5. Surviving a six-hour car trip with coworkers
I am lucky enough to have been selected to attend a conference in a city a six-hour drive away. I’ll be going with three other colleagues, none of whom work from the same office as me. One of these colleagues is the current boss of the entire organization and has a reputation of being a total hard-ass. I haven’t had a lot to do with her, but her reputation is that she is a bully and difficult. The two other colleagues are also a lot more senior than me, and I don’t know them well.
I’m worried about the awkwardness of being in a car with them for such a long time. I don’t know if I have the energy to maintain conversation for six hours in a car with people I don’t know well, particularly with the boss. The conference is only three days, and then we drive back again for another six hours. I’m guessing everyone in the group will feel similarly in that they’d rather not chit-chat for six hours but I’m not sure what the etiquette is here, especially as I’m the most junior in the organization. My partner thinks it would be okay to chuck in some ear buds and listen to podcasts after a bit, but I’m not sure about that.
I’m tempted to pay for my own ticket to fly, but I think that would look odd and people would raise their eyebrows. How should I approach this car trip?

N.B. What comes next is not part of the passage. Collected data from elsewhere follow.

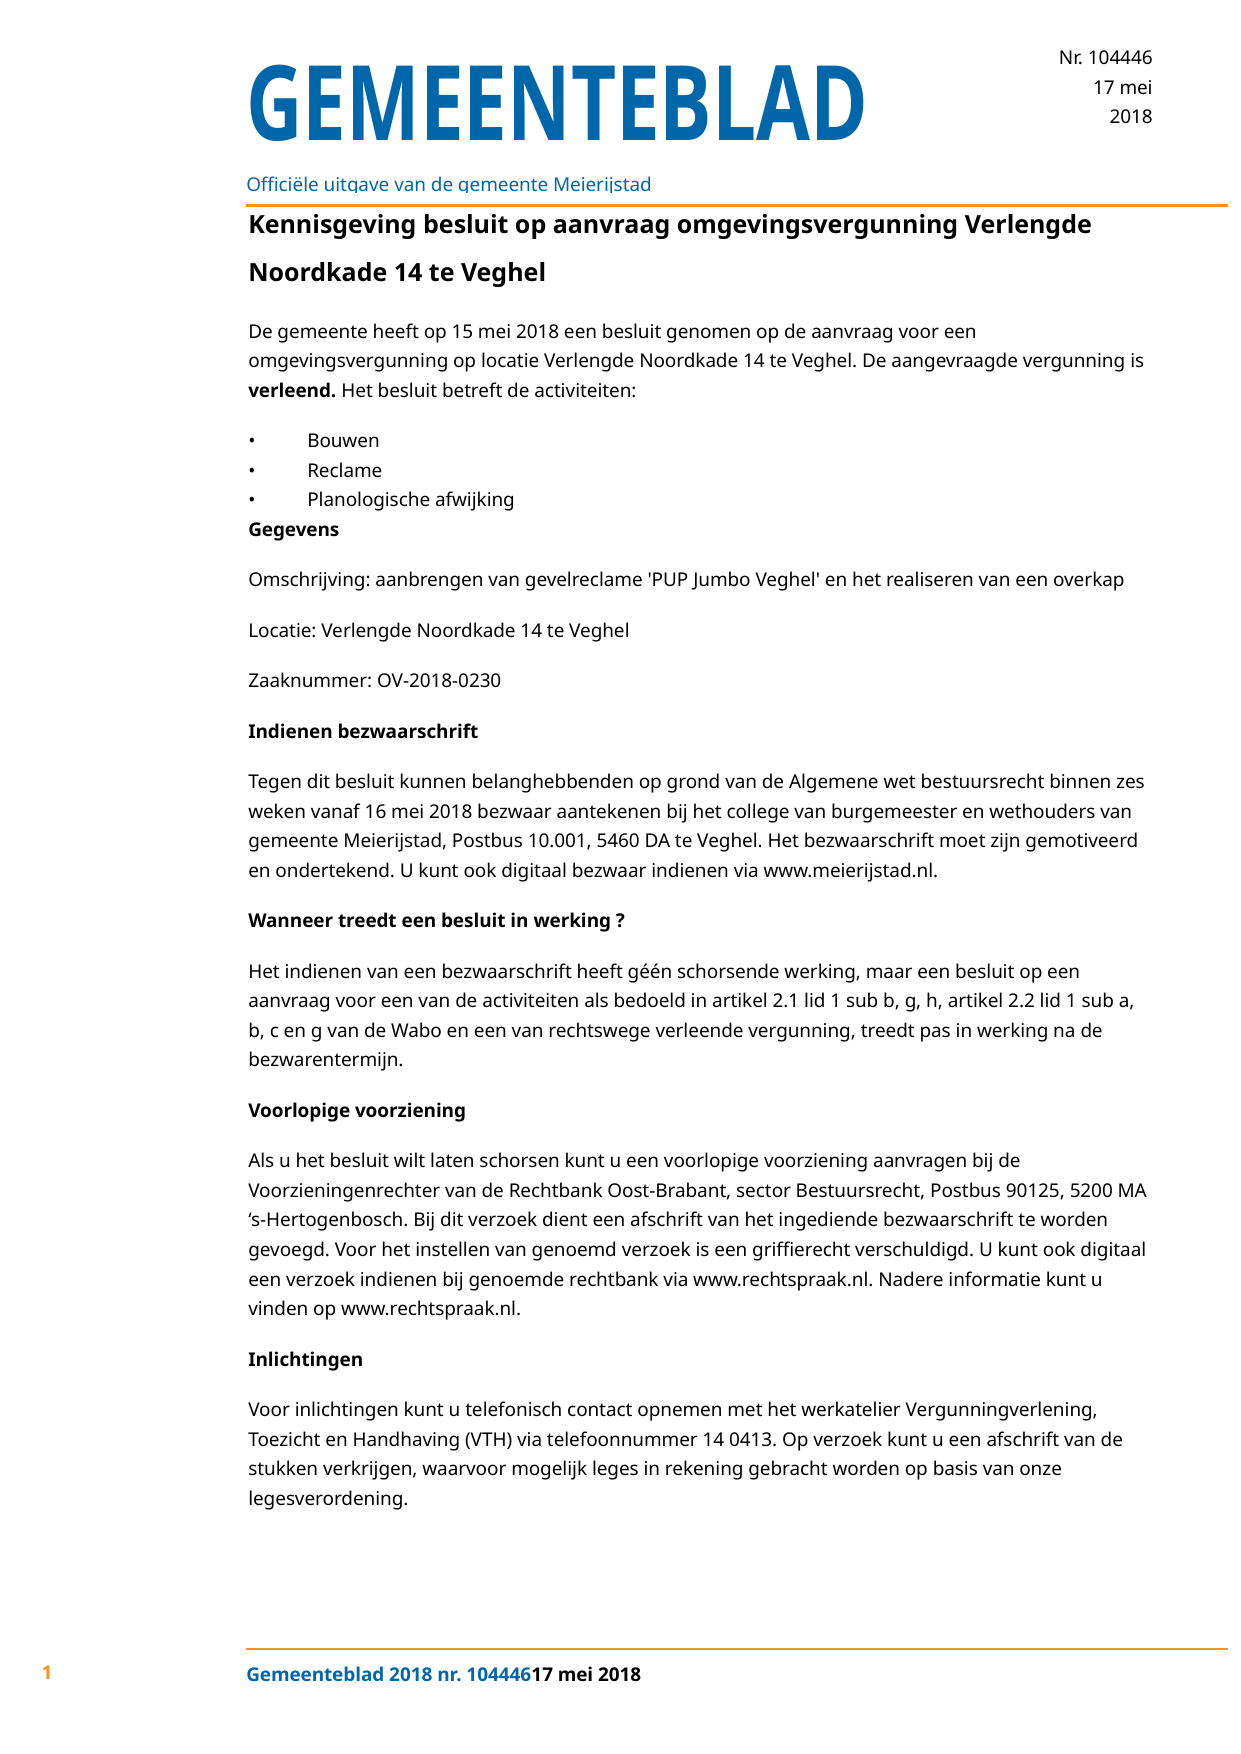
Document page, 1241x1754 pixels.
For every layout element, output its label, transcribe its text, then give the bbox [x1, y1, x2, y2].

text Wanneer treedt een besluit in werking ? [248, 907, 1152, 933]
text Locatie: Verlengde Noordkade 14 te Veghel [248, 617, 1152, 643]
text Kennisgeving besluit op aanvraag omgevingsvergunning Verlengde Noordkade 14 te Veghel [248, 207, 1152, 288]
text Omschrijving: aanbrengen van gevelreclame 'PUP Jumbo Veghel' en het realiseren van een overkap [248, 567, 1152, 592]
text Als u het besluit wilt laten schorsen kunt u een voorlopige voorziening aanvragen bij de Voorzieningenrechter van de Rechtbank Oost-Brabant, sector Bestuursrecht, Postbus 90125, 5200 MA ‘s-Hertogenbosch. Bij dit verzoek dient een afschrift van het ingediende bezwaarschrift te worden gevoegd. Voor het instellen van genoemd verzoek is een griffierecht verschuldigd. U kunt ook digitaal een verzoek indienen bij genoemde rechtbank via www.rechtspraak.nl. Nadere informatie kunt u vinden op www.rechtspraak.nl. [248, 1147, 1152, 1321]
text Voor inlichtingen kunt u telefonisch contact opnemen met het werkatelier Vergunningverlening, Toezicht en Handhaving (VTH) via telefoonnummer 14 0413. Op verzoek kunt u een afschrift van de stukken verkrijgen, waarvoor mogelijk leges in rekening gebracht worden op basis van onze legesverordening. [248, 1396, 1152, 1511]
text Zaaknummer: OV-2018-0230 [248, 667, 1152, 693]
list Bouwen [248, 427, 1152, 453]
text Inlichtingen [248, 1346, 1152, 1372]
list Planologische afwijking [248, 487, 1152, 512]
text Gegevens [248, 516, 1152, 542]
text De gemeente heeft op 15 mei 2018 een besluit genomen op de aanvraag voor een omgevingsvergunning op locatie Verlengde Noordkade 14 te Veghel. De aangevraagde vergunning is verleend. Het besluit betreft de activiteiten: [248, 318, 1152, 403]
picture [41, 47, 231, 172]
list Reclame [248, 457, 1152, 483]
text Voorlopige voorziening [248, 1097, 1152, 1123]
text Tegen dit besluit kunnen belanghebbenden op grond van de Algemene wet bestuursrecht binnen zes weken vanaf 16 mei 2018 bezwaar aantekenen bij het college van burgemeester en wethouders van gemeente Meierijstad, Postbus 10.001, 5460 DA te Veghel. Het bezwaarschrift moet zijn gemotiveerd en ondertekend. U kunt ook digitaal bezwaar indienen via www.meierijstad.nl. [248, 768, 1152, 883]
text Het indienen van een bezwaarschrift heeft géén schorsende werking, maar een besluit op een aanvraag voor een van de activiteiten als bedoeld in artikel 2.1 lid 1 sub b, g, h, artikel 2.2 lid 1 sub a, b, c en g van de Wabo en een van rechtswege verleende vergunning, treedt pas in werking na de bezwarentermijn. [248, 958, 1152, 1072]
text Indienen bezwaarschrift [248, 718, 1152, 744]
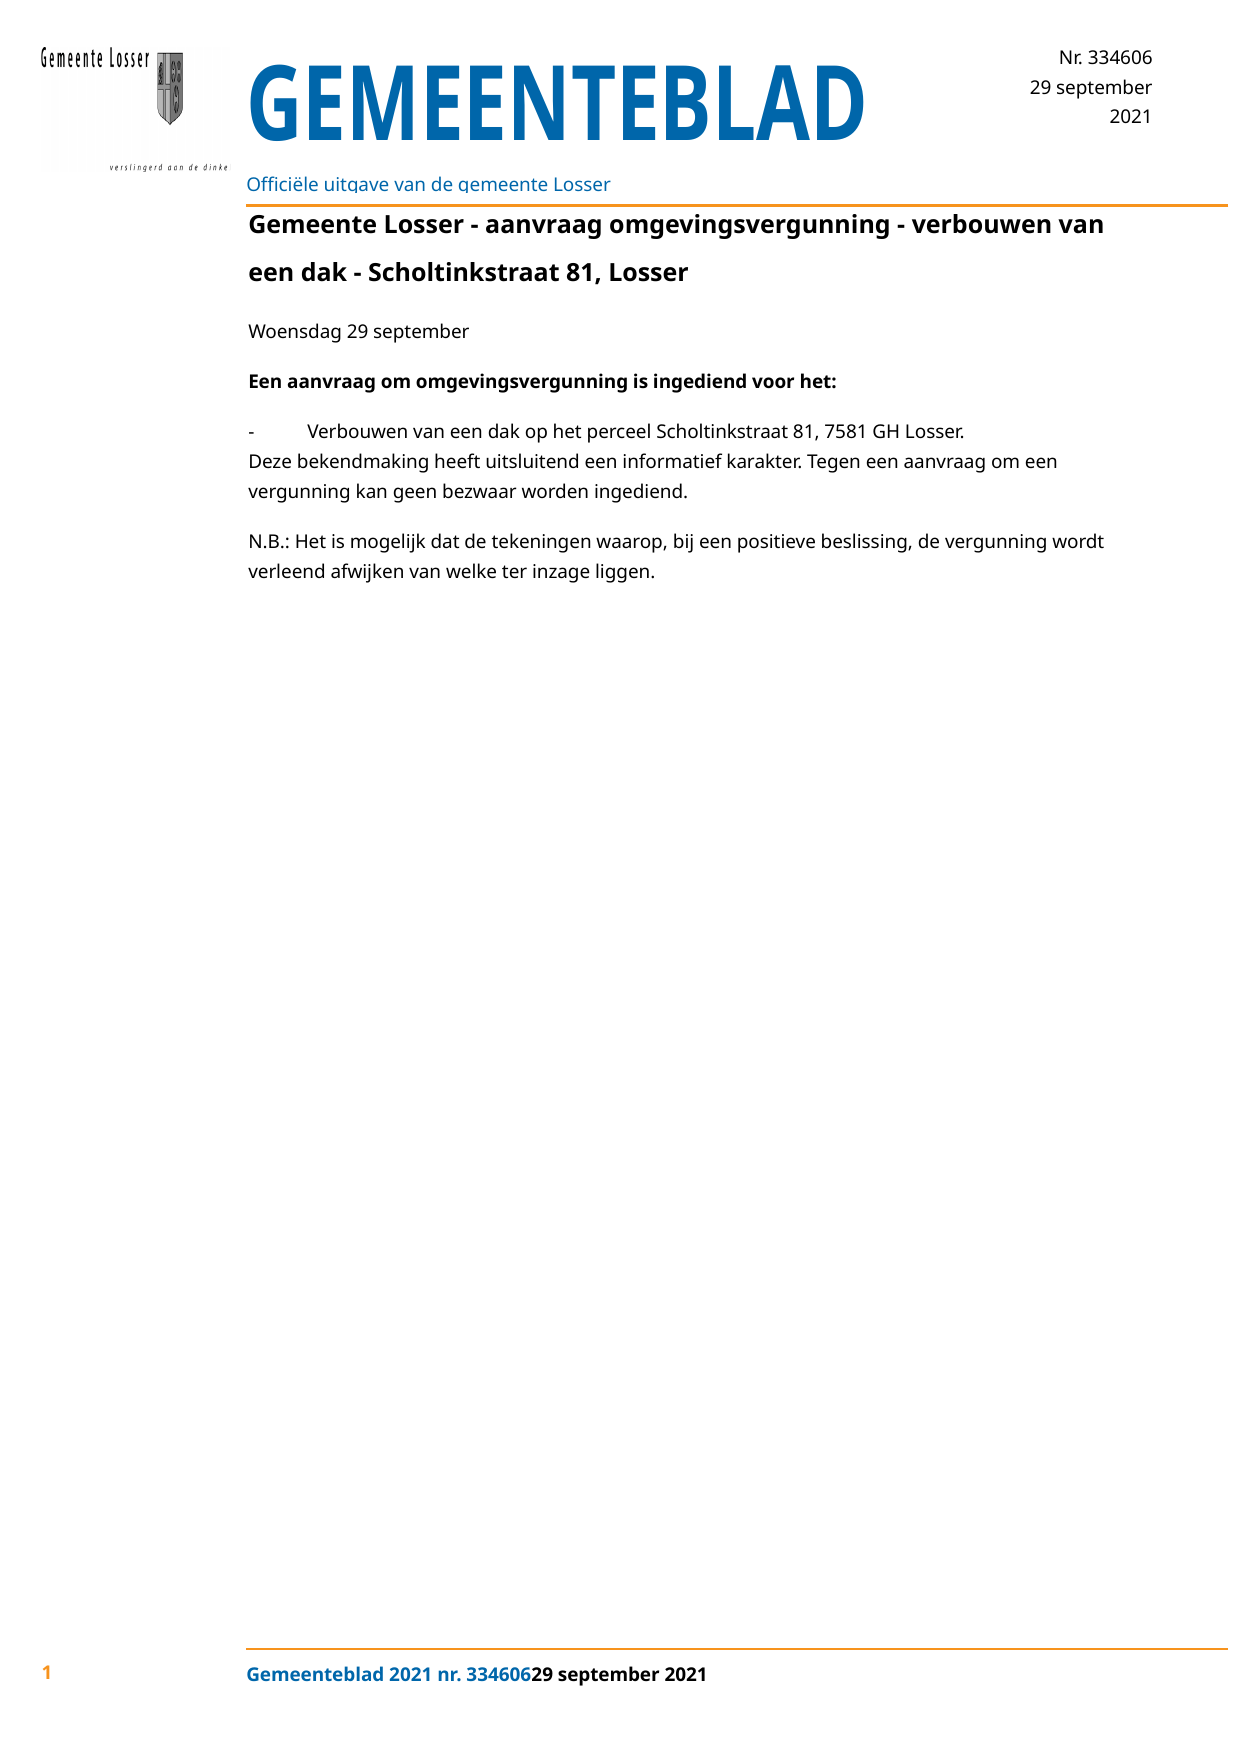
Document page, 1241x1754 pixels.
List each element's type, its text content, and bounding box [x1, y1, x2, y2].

list Verbouwen van een dak op het perceel Scholtinkstraat 81, 7581 GH Losser. [248, 419, 1152, 444]
text Woensdag 29 september [248, 318, 1152, 344]
text N.B.: Het is mogelijk dat de tekeningen waarop, bij een positieve beslissing, de vergunning wordt verleend afwijken van welke ter inzage liggen. [248, 528, 1152, 584]
text Gemeente Losser - aanvraag omgevingsvergunning - verbouwen van een dak - Scholtinkstraat 81, Losser [248, 207, 1152, 288]
picture [41, 47, 231, 172]
text Deze bekendmaking heeft uitsluitend een informatief karakter. Tegen een aanvraag om een vergunning kan geen bezwaar worden ingediend. [248, 448, 1152, 504]
text Een aanvraag om omgevingsvergunning is ingediend voor het: [248, 368, 1152, 394]

Yep, it’s very likely that everyone else in the car will want to zone out and do their own thing too. Ear buds are almost definitely going to be fine, although I wouldn’t put them in the second you enter the car. Have some chit chat for half an hour, and then feel free to use them. If you feel awkward about it, you can always say, “I get carsick unless I zone out, so I’m going to put in some ear buds and close my eyes.”
Definitely don’t announce that you’re buying yourself a ticket to fly; it will indeed look odd and like you’re taking extreme measure to avoid the time with coworkers.